История моего героя, история невинного греха, восходит к 18.. году, к душной летней ночи в портовом трактире, когда публичная женщина, её имя не сохранилось, неловко корчась, потянулась за стаканом дешёвого, мутного портвейна, и из неё вывалился окровавленный сгусток, в котором невозможно было признать младенца. Он едва не раскроил голову о грязные доски и, вывихнув ногу, остался хромым — таким было первое прикосновение мира, его первый поцелуй. Мать допила вино и стала шарить под столом, ощупывая во тьме ножки стульев, опорожнённые, валкие бутылки и мужские сапоги, прежде чем тронула мокрое тельце, которое сначала приняла за блевотину. Наклонившись, она пугнула свечой гурьбу тараканов. Ребёнок не издал ни звука, его сочли мёртвым, но упрямые, недетски злые глазки смотрели, не моргая, выказывая ненависть и боль. Его вытащили на свет: у него была заячья губа, на лбу рдело родимое пятно, скользкие, в гармошку, как у ящерицы, складки кожи, так что даже привыкшие ко всему портовые шлюхи с омерзением отвернулись. Чадили свечи, капало сало. Греческие матросы, отчаянно кутившие уже несколько часов, увидев новое развлечение, предложили крестить новорождённого. Среди них был судовой священник, устало кивавший двойным подбородком, сгорбленный и толстошеий, едва не плескавший вино на требник. Кто-то, угрюмо надвинувшись, выкрикивал своё имя, набиваясь в крёстные. Мать было отказалась, но греки дали золотой. Нависая горой, священник тряс космами, бормоча молитву, вселяя в ребёнка ужас и отвращение к словам. По стенам дрожали тени, а закопчённое зеркало немым свидетелем жадно ловило происходившее.

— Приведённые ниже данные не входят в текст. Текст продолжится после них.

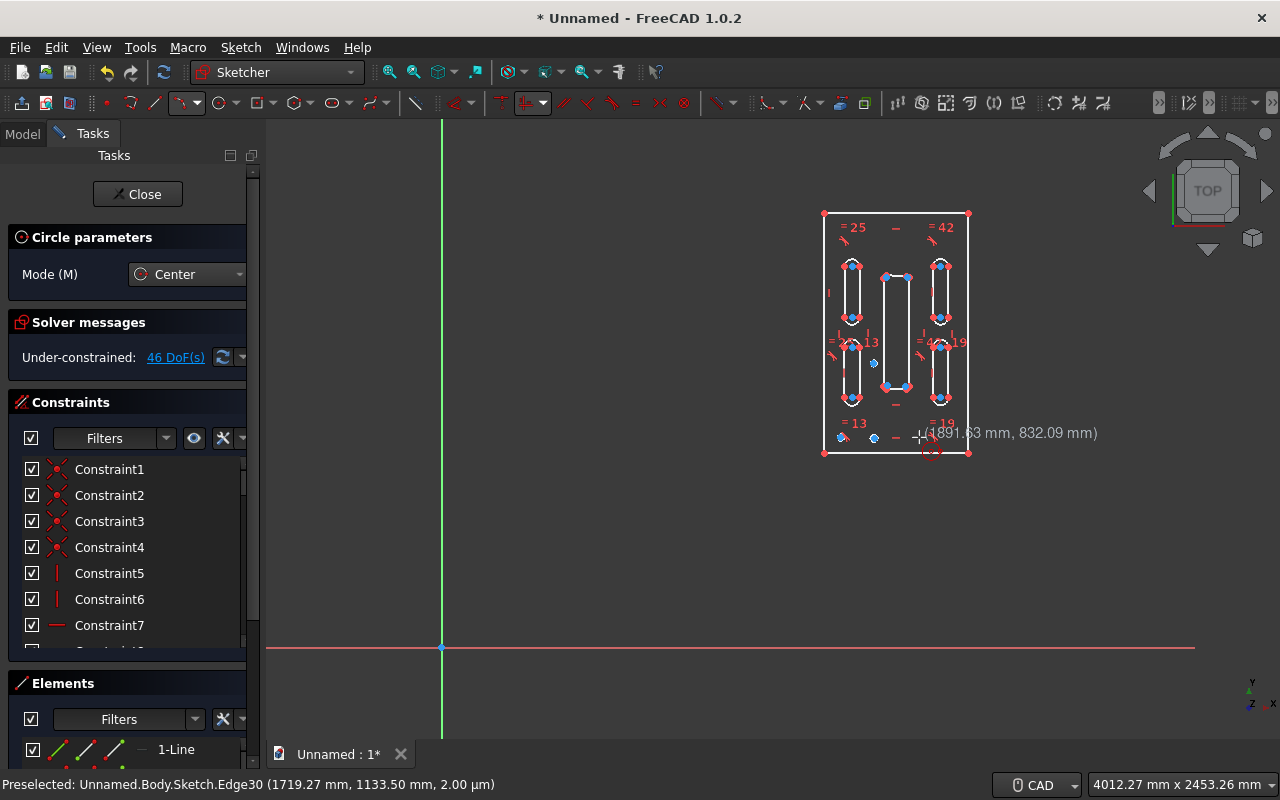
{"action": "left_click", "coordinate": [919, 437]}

Так посреди кабацкого смрада, посреди гвалта, запаха рыбы, оплывших свеч, плевков, ругательств, зловония и крошек табака родился Сильвестр Ведун, в которого вселился поэтический бес. Мать даже не почувствовала его рождения, устав от шумного застолья, уснула тут же на дощатой, жёсткой лавке, не подумав его накормить, а утром, выйдя по нужде, забыла о его существовании. Отцом был, несомненно, моряк — швед, француз или русский, отцом можно считать сразу всех, распутное чрево дало пристанище вавилонскому смешению языков.
Сильвестра приютила жена трактирщика, и следующие шестнадцать лет его вселенную ограничивала стойка, а воспитание — пьяные речи да тоскливые песни матросов, в которых выпитое пробуждало родину. Он рос замкнутым, ко всему глухим. Ковыляя с подносом, не радовался чаевым, не огрызался подзатыльникам, никогда не улыбался — ни липким скабрезностям посетителей, ни добродушным шуткам кабатчика, своего названого отца. Целыми днями он до одури тёр посуду ветхим, измочалившимся в тряпку полотенцем, мёл мусор или с равнодушным отчуждением слушал мечущегося по клетке кенара. Только изредка игравший без посторонних тапёр пробивал стену его безразличия глумливым и надрывным долотом скрипки. Молчаливый, почти немой, Сильвестр забивался тогда в тёмный угол и тихонько скулил…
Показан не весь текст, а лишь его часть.